|Indian Campaign Medal|
|Awarded for||Service in enumerated campaigns or "against hostile Indians in any other action in which United States troops were killed or wounded between 1865 and 1891."|
|Presented by||the Department of War|
The Indian Campaign Medal is a decoration established by War Department General Orders 12, 1907. The medal was retroactively awarded to any soldier of the U.S. Army who had participated in the American Indian Wars against the Native Americans between 1865 and 1891.
The Indian Campaign Medal was established by War Department General Orders 12 in 1907. It was created at the same time as the Civil War Campaign Medal.
The initial ribbon was all red; however, two black stripes were added in December 1917 because of the similarity to a ribbon used by the French for the French Legion of Honor.

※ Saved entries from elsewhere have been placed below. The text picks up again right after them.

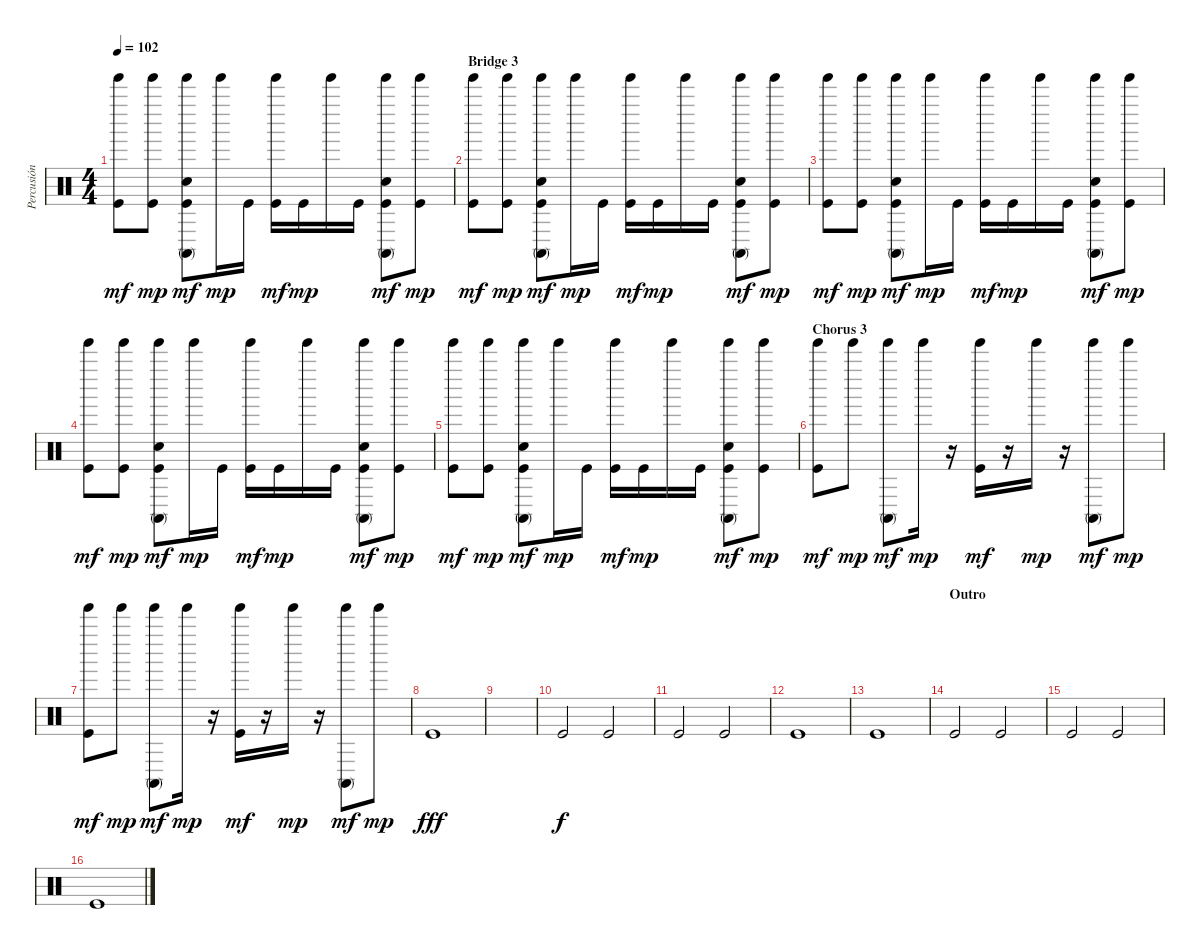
\track ("Percusión" "Percusión") {instrument percussion}
\staff {score}
\articulation defaults
\ts (4 4)
\tempo 102
\clef neutral
\ks c
("Kick (hit)" "Tinkle Bell (hit)").8{dy mf} ("Kick (hit)" "Tinkle Bell (hit)").8{dy mp} ("Kick (hit)" "Snare (hit) 2" "Conga high (mute)" "Tinkle Bell (hit)").8{dy mf} "Tinkle Bell (hit)".16{dy mp} "Kick (hit)".16 ("Kick (hit)" "Tinkle Bell (hit)").16{dy mf} "Kick (hit)".16{dy mp} "Tinkle Bell (hit)".16 "Kick (hit)".16 ("Kick (hit)" "Snare (hit) 2" "Conga high (mute)" "Tinkle Bell (hit)").8{dy mf} ("Kick (hit)" "Tinkle Bell (hit)").8{dy mp} |
\section ("" "Bridge 3")
("Kick (hit)" "Tinkle Bell (hit)").8{dy mf} ("Kick (hit)" "Tinkle Bell (hit)").8{dy mp} ("Kick (hit)" "Snare (hit) 2" "Conga high (mute)" "Tinkle Bell (hit)").8{dy mf} "Tinkle Bell (hit)".16{dy mp} "Kick (hit)".16 ("Kick (hit)" "Tinkle Bell (hit)").16{dy mf} "Kick (hit)".16{dy mp} "Tinkle Bell (hit)".16 "Kick (hit)".16 ("Kick (hit)" "Snare (hit) 2" "Conga high (mute)" "Tinkle Bell (hit)").8{dy mf} ("Kick (hit)" "Tinkle Bell (hit)").8{dy mp} |
("Kick (hit)" "Tinkle Bell (hit)").8{dy mf} ("Kick (hit)" "Tinkle Bell (hit)").8{dy mp} ("Kick (hit)" "Snare (hit) 2" "Conga high (mute)" "Tinkle Bell (hit)").8{dy mf} "Tinkle Bell (hit)".16{dy mp} "Kick (hit)".16 ("Kick (hit)" "Tinkle Bell (hit)").16{dy mf} "Kick (hit)".16{dy mp} "Tinkle Bell (hit)".16 "Kick (hit)".16 ("Kick (hit)" "Snare (hit) 2" "Conga high (mute)" "Tinkle Bell (hit)").8{dy mf} ("Kick (hit)" "Tinkle Bell (hit)").8{dy mp} |
("Kick (hit)" "Tinkle Bell (hit)").8{dy mf} ("Kick (hit)" "Tinkle Bell (hit)").8{dy mp} ("Kick (hit)" "Snare (hit) 2" "Conga high (mute)" "Tinkle Bell (hit)").8{dy mf} "Tinkle Bell (hit)".16{dy mp} "Kick (hit)".16 ("Kick (hit)" "Tinkle Bell (hit)").16{dy mf} "Kick (hit)".16{dy mp} "Tinkle Bell (hit)".16 "Kick (hit)".16 ("Kick (hit)" "Snare (hit) 2" "Conga high (mute)" "Tinkle Bell (hit)").8{dy mf} ("Kick (hit)" "Tinkle Bell (hit)").8{dy mp} |
("Kick (hit)" "Tinkle Bell (hit)").8{dy mf} ("Kick (hit)" "Tinkle Bell (hit)").8{dy mp} ("Kick (hit)" "Snare (hit) 2" "Conga high (mute)" "Tinkle Bell (hit)").8{dy mf} "Tinkle Bell (hit)".16{dy mp} "Kick (hit)".16 ("Kick (hit)" "Tinkle Bell (hit)").16{dy mf} "Kick (hit)".16{dy mp} "Tinkle Bell (hit)".16 "Kick (hit)".16 ("Kick (hit)" "Snare (hit) 2" "Conga high (mute)" "Tinkle Bell (hit)").8{dy mf} ("Kick (hit)" "Tinkle Bell (hit)").8{dy mp} |
\section ("" "Chorus 3")
("Kick (hit)" "Tinkle Bell (hit)").8{dy mf} "Tinkle Bell (hit)".8{dy mp} ("Conga high (mute)" "Tinkle Bell (hit)").8{dy mf} "Tinkle Bell (hit)".16{dy mp} r.16 ("Kick (hit)" "Tinkle Bell (hit)").16{dy mf} r.16 "Tinkle Bell (hit)".16{dy mp} r.16 ("Conga high (mute)" "Tinkle Bell (hit)").8{dy mf} "Tinkle Bell (hit)".8{dy mp} |
("Kick (hit)" "Tinkle Bell (hit)").8{dy mf} "Tinkle Bell (hit)".8{dy mp} ("Conga high (mute)" "Tinkle Bell (hit)").8{dy mf} "Tinkle Bell (hit)".16{dy mp} r.16 ("Kick (hit)" "Tinkle Bell (hit)").16{dy mf} r.16 "Tinkle Bell (hit)".16{dy mp} r.16 ("Conga high (mute)" "Tinkle Bell (hit)").8{dy mf} "Tinkle Bell (hit)".8{dy mp} |
"Kick (hit)".1{dy fff} |
|
"Kick (hit)".2{dy f} "Kick (hit)".2 |
"Kick (hit)".2 "Kick (hit)".2 |
"Kick (hit)".1 |
"Kick (hit)".1 |
\section ("" "Outro")
"Kick (hit)".2 "Kick (hit)".2 |
"Kick (hit)".2 "Kick (hit)".2 |
"Kick (hit)".1

Campaign streamers of the same design as the service ribbon are authorized for display by units receiving campaign credit participation for Indian Wars as early as 1790. The inscriptions for streamers displayed on the organizational flag will be as indicated in the unit's lineage and honors. The inscriptions for the 14 streamers displayed on the Army flag are listed in AR 840-10 and AR 600-8-22.

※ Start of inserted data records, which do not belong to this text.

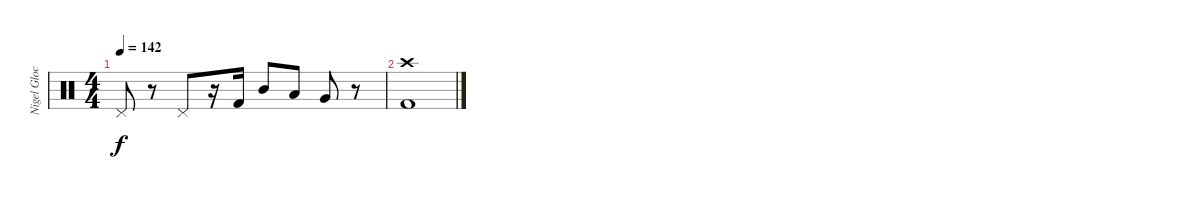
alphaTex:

\track ("Nigel Glockler (Drums)" "Nigel Gloc") {instrument percussion}
\staff {score}
\articulation defaults
\ts (4 4)
\tempo 142
\clef neutral
\ks c "Pedal Hi-Hat (hit)".8{dy f}
r.8 "Pedal Hi-Hat (hit)".8 r.16 "Kick (hit) 2".16 "Mid Tom (hit)".8 "Low Tom (hit)".8 "Very Low Tom (hit)".8 r.8 |
("Crash high (hit)" "Kick (hit) 2").1
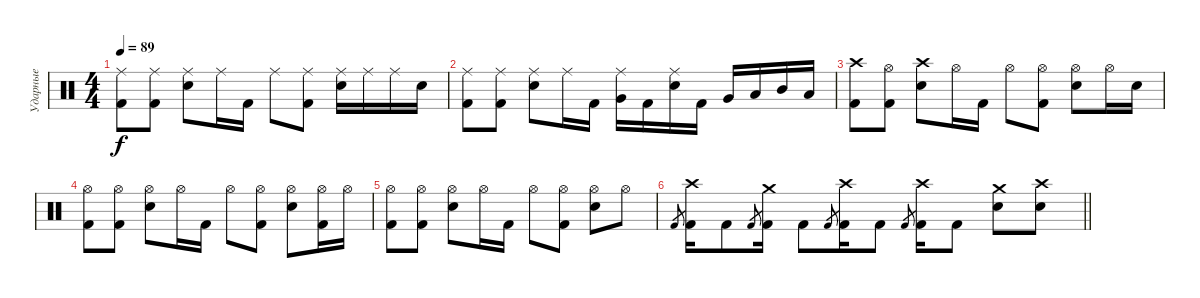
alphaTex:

\track ("Ударные" "Ударные") {instrument percussion}
\staff {score}
\articulation defaults
\ts (4 4)
\tempo 89
\clef neutral
\ks c
("Ride (middle)" "Kick (hit) 2").8{dy f} ("Ride (middle)" "Kick (hit) 2").8 ("Ride (middle)" "Snare (hit) 2").8 "Ride (middle)".16 "Kick (hit) 2".16 "Ride (middle)".8 ("Ride (middle)" "Kick (hit) 2").8 ("Ride (middle)" "Snare (hit) 2").16 "Ride (middle)".16 "Ride (middle)".16 "Snare (hit) 2".16 |
("Ride (middle)" "Kick (hit) 2").8 ("Ride (middle)" "Kick (hit) 2").8 ("Ride (middle)" "Snare (hit) 2").8 "Ride (middle)".16 "Kick (hit) 2".16 ("Ride (middle)" "Very Low Tom (hit)").16 "Kick (hit) 2".16 ("Ride (middle)" "Snare (hit) 2").16 "Kick (hit) 2".16 "Very Low Tom (hit)".16 "Low Tom (hit)".16 "Mid Tom (hit)".16 "Low Floor Tom (hit)".16 |
("Crash high (hit)" "Kick (hit) 2").8 ("Hi-Hat (open)" "Kick (hit) 2").8 ("Crash high (hit)" "Snare (hit) 2").8 "Hi-Hat (open)".16 "Kick (hit) 2".16 "Hi-Hat (open)".8 ("Hi-Hat (open)" "Kick (hit) 2").8 ("Hi-Hat (open)" "Snare (hit) 2").8 "Hi-Hat (open)".16 "Snare (hit) 2".16 |
("Hi-Hat (open)" "Kick (hit) 2").8 ("Hi-Hat (open)" "Kick (hit) 2").8 ("Hi-Hat (open)" "Snare (hit) 2").8 "Hi-Hat (open)".16 "Kick (hit) 2".16 "Hi-Hat (open)".8 ("Hi-Hat (open)" "Kick (hit) 2").8 ("Hi-Hat (open)" "Snare (hit) 2").8 ("Hi-Hat (open)" "Kick (hit) 2").16 "Hi-Hat (open)".16 |
("Hi-Hat (open)" "Kick (hit) 2").8 ("Hi-Hat (open)" "Kick (hit) 2").8 ("Hi-Hat (open)" "Snare (hit) 2").8 "Hi-Hat (open)".16 "Kick (hit) 2".16 "Hi-Hat (open)".8 ("Hi-Hat (open)" "Kick (hit) 2").8 ("Hi-Hat (open)" "Snare (hit) 2").8 "Hi-Hat (open)".8 |
\barLineRight lightlight "Kick (hit) 2".8{gr}
("Crash high (hit)" "Kick (hit) 2").16 "Kick (hit) 2".8 "Kick (hit) 2".8{gr} ("Crash medium (hit)" "Kick (hit) 2").16 "Kick (hit) 2".8 "Kick (hit) 2".8{gr} ("Crash high (hit)" "Kick (hit) 2").16 "Kick (hit) 2".8 "Kick (hit) 2".8{gr} ("Crash high (hit)" "Kick (hit) 2").16 "Kick (hit) 2".8 ("Crash medium (hit)" "Snare (hit) 2").8 ("Crash high (hit)" "Snare (hit) 2").8

The Code of Federal Regulations declares service in the following campaigns as requirements for award of the Indian Campaign Medal:
The Code of Federal Regulations describes the medal as follows:
The medal of bronze is 11⁄4 inches in diameter. On the obverse is a mounted Indian facing sinister, wearing a war bonnet, and carrying a spear in his right hand. Above the horseman are the words ‘'Indian Wars,’’ and below, on either side of a buffalo skull, the circle is completed by arrowheads, conventionally arranged. On the reverse is a trophy, composed of an eagle perched on a cannon supported by crossed flags, rifles, an Indian shield, spear, and quiver of arrows, a Cuban machete, and a Sulu kriss. Below the trophy are the words ‘'For Service.'’ The whole is surrounded by a circle composed of the words ‘'United States Army'’ in the upper half and thirteen stars in the lower half. The medal is suspended by a ring from a silk moire ribbon 13⁄8inches in length and 13⁄8 inches in width composed of a red stripe (1⁄4-inch), black stripe (3⁄16-inch), red band (1⁄2inch), black stripe (3⁄16-inch), and red stripe (1⁄4-inch).
The Indian Campaign Medal was issued as a one-time decoration only and there were no devices or service stars authorized for those who had participated in multiple actions. The only attachment authorized to the medal was the silver citation star, awarded for meritorious or heroic conduct. The silver citation star was the predecessor of the Silver Star and was awarded to eleven soldiers between 1865 and 1891.
As originally issued, the medal had a solid red ribbon. In 1917 two black stripes were added to the ribbon. The reason for this change is that the ribbon of the Indian Campaign Medal was easily confused with the ribbon of the French Legion of Honor which also had a solid red ribbon.